Shen Wuqiu réfléchit quelques secondes : « Quand en avez-vous besoin ? Nous avons déjà précommandé 800 jin pour demain. »

M. Zhang réfléchit un instant et demanda : « Combien de myrtes vous reste-t-il dans tout votre verger de myrtes ? »

Shen Wuqiu : « Je ne peux vous donner qu'une estimation approximative. Vu les conditions météorologiques récentes, cela pourrait probablement durer encore une semaine environ. »

M. Zhang : « Très bien, je ne suis pas gourmand. Mettez simplement de côté les quantités pour demain et après-demain. »

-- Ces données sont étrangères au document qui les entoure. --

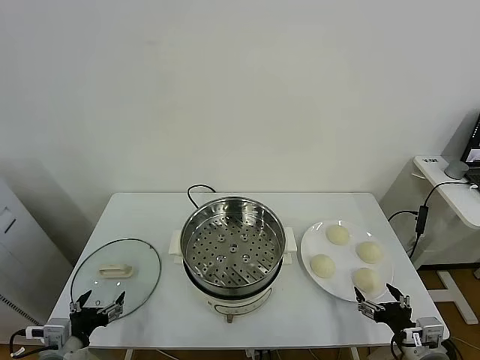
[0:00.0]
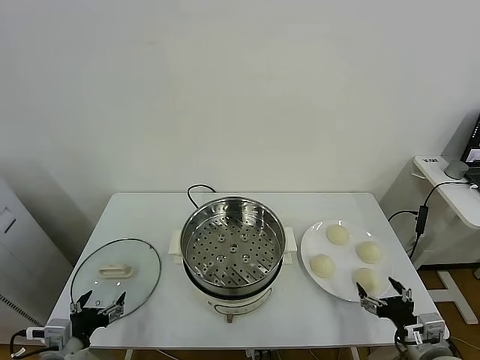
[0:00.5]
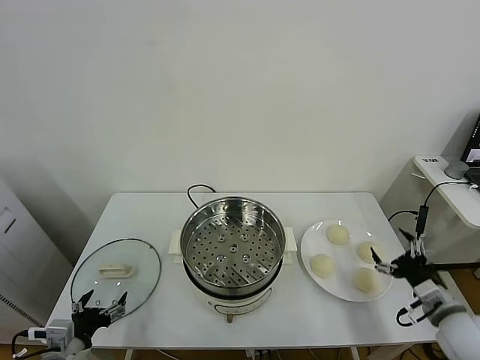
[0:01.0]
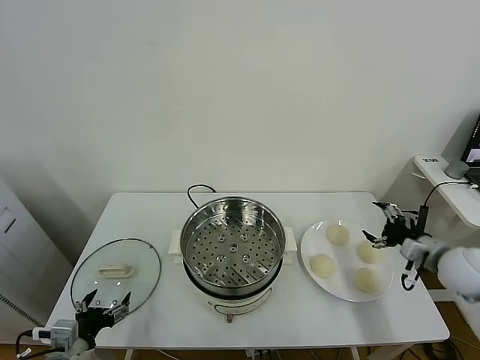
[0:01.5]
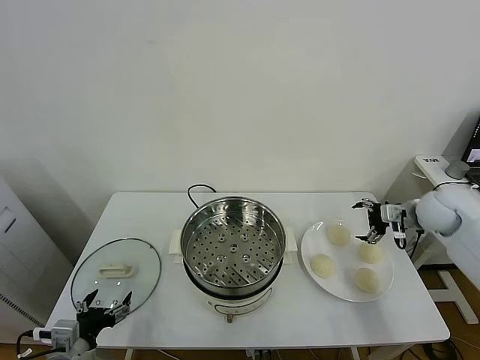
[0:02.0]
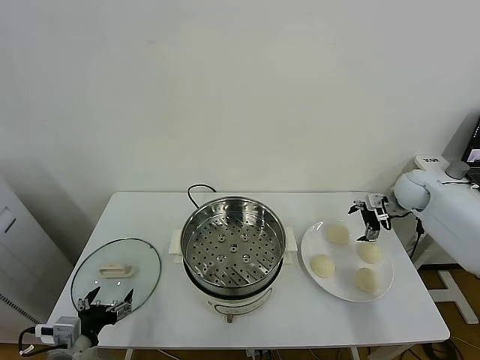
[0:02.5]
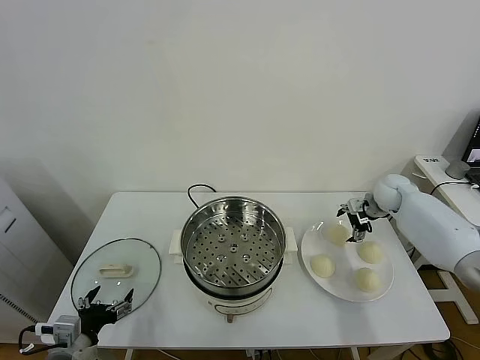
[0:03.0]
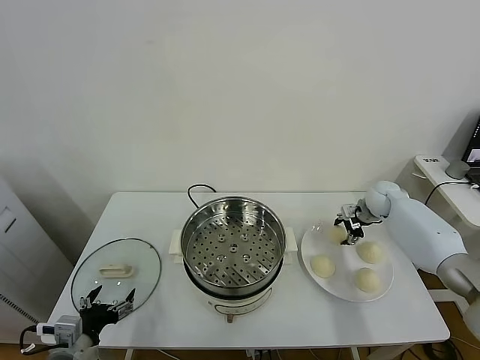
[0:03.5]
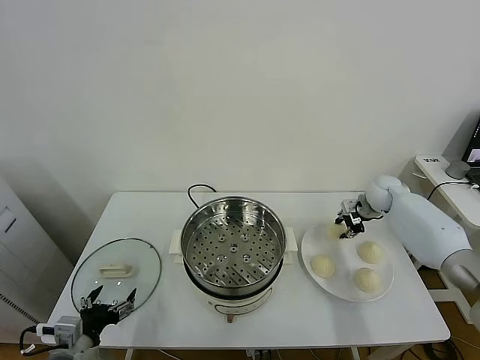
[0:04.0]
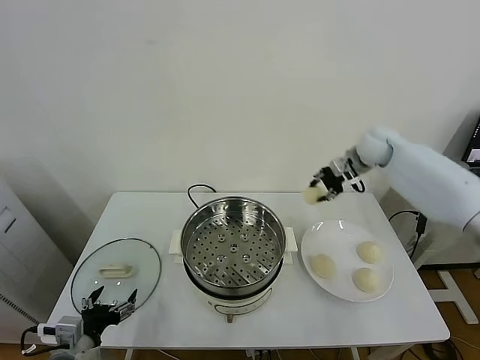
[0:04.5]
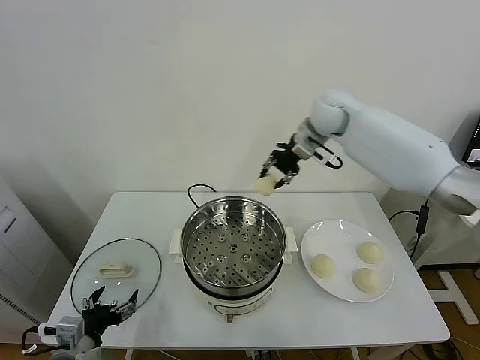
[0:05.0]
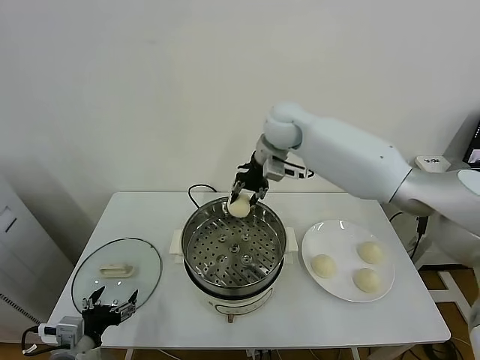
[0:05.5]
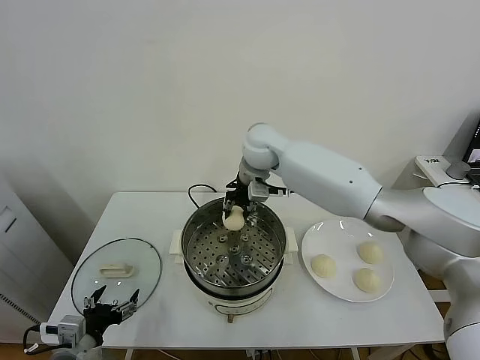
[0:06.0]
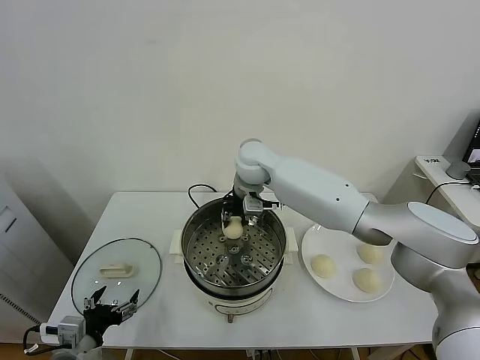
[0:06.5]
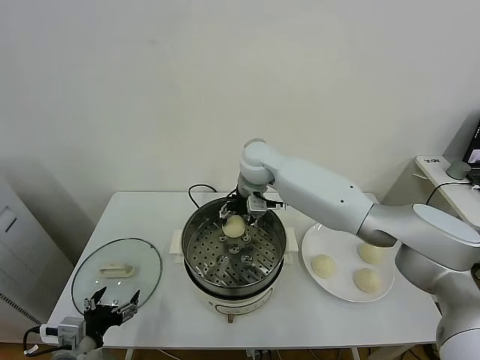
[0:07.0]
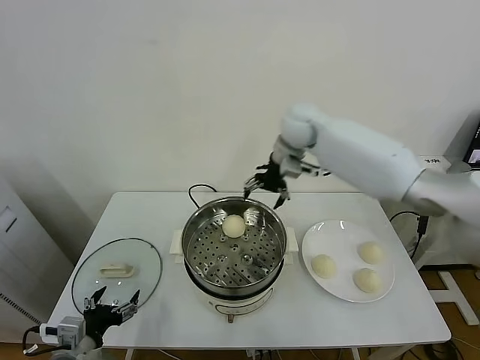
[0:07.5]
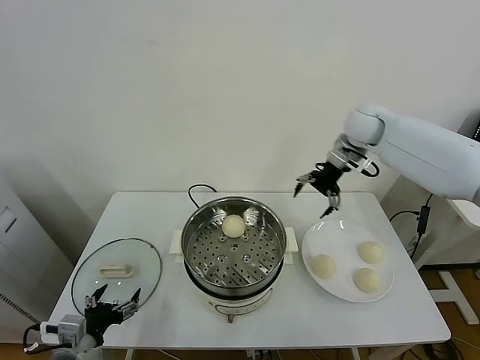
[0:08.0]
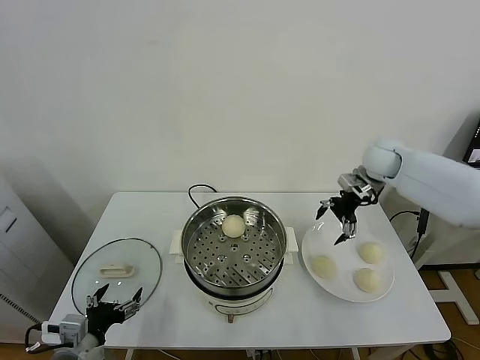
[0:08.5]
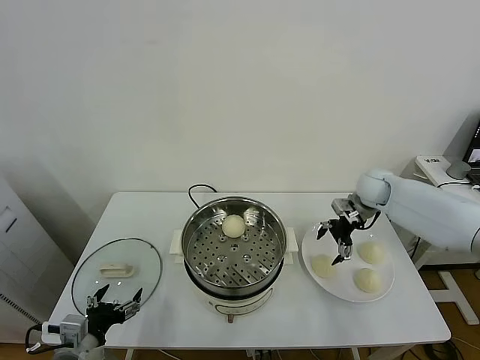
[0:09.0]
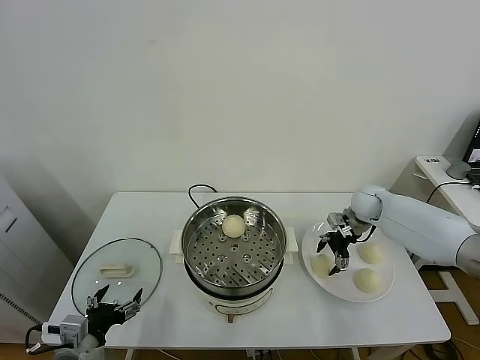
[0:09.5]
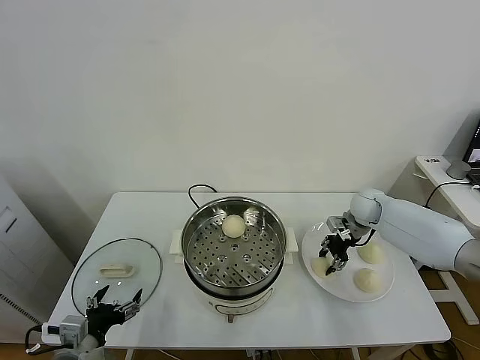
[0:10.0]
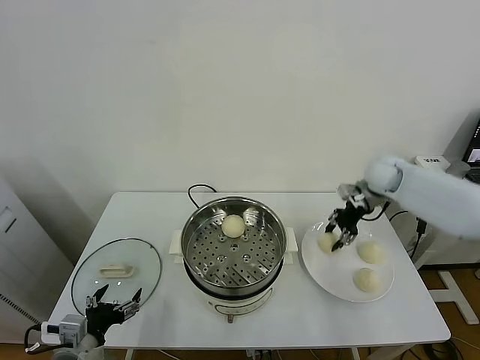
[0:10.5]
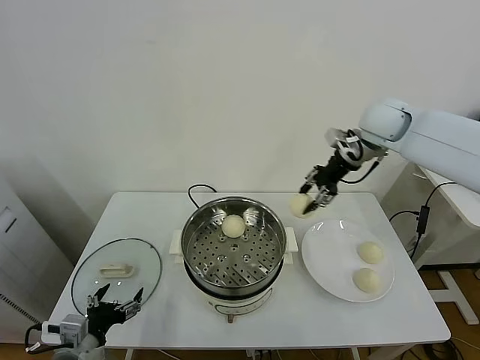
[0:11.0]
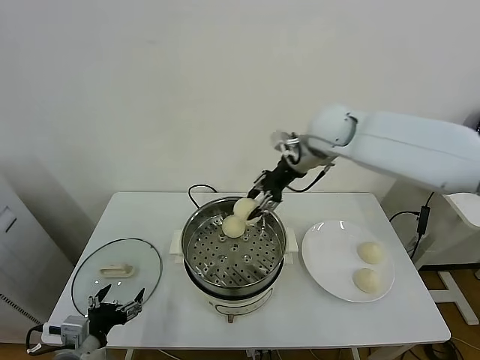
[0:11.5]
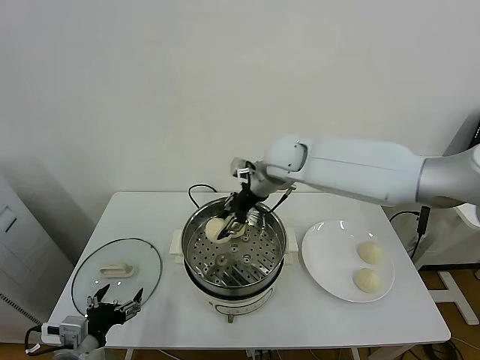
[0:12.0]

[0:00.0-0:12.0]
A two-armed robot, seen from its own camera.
Task of the whole recording: take steamed baozi put them in steamer.
Step, 0:00.0 to 0:03.5: Grasp the baozi in the plate with right gripper.
Step, 0:04.0 to 0:07.0: Place the baozi on the steamer with right gripper.
Step, 0:07.5 to 0:10.0: Grasp the baozi in the plate with right gripper.
0:02.0 to 0:04.0: The right gripper moves forward and to the left, roughly 10 cm, and closes up.
0:04.0 to 0:06.0: The right gripper is displaced to the left by about 35 cm.
0:06.0 to 0:08.0: The right gripper goes roughly 25 cm to the right, and opens its fingers.
0:08.0 to 0:10.0: The right gripper moves downward, approximately 20 cm, and closes.
0:10.0 to 0:12.0: The right gripper heads to the left and upward, covering about 30 cm.

C'était le plan de Shen Wuqiu. « Merci de votre compréhension et de votre soutien. »

M. Zhang : « Si j'avais su que cela se produirait, j'aurais dû en commander davantage avant-hier. Franchement, vos baies de myrte sont excellentes. Ma femme en raffole. Elle est si âgée, et pourtant elle est toujours aussi gourmande. Elle a mal aux dents à force d'en manger, mais elle en redemande. »

Shen Wuqiu laissa échapper un petit rire, pensant que cette Mme Zhang devait être un peu simplette, tout comme un certain chat.

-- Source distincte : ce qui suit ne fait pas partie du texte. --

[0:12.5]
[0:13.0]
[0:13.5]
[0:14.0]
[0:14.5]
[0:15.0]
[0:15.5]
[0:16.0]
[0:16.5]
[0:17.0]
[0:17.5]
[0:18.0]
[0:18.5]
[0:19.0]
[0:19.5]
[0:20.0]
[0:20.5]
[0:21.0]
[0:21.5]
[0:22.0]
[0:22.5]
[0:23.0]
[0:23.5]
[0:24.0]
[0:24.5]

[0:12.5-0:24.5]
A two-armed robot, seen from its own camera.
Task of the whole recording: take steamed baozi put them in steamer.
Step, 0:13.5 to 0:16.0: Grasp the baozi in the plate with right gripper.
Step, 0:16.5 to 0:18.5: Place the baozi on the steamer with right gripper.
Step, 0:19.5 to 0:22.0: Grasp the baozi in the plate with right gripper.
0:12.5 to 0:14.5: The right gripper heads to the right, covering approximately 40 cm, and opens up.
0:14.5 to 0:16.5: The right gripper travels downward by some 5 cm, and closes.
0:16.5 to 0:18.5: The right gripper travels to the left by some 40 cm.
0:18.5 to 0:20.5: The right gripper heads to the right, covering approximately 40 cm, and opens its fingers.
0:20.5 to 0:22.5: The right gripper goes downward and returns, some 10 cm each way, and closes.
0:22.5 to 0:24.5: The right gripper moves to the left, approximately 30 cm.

Après avoir échangé quelques mots supplémentaires, Shen Wuqiu a raccroché.

À peine avait-elle raccroché qu'elle entendit Su Yunzhi dire au père de Shen : « Lingyu a encore oublié d'apporter le poisson séché qu'elle devait prendre. Puisqu'il n'y a rien d'autre, pourquoi ne pas le lui apporter ? »

Ces derniers jours, Zheng Xinghe a rendu visite à la famille Shen à de nombreuses reprises. Après s'être enregistré, il accompagne son père travailler dans le verger de myrtes, ce qui lui vaut de nombreux éloges de la part des aînés de la famille.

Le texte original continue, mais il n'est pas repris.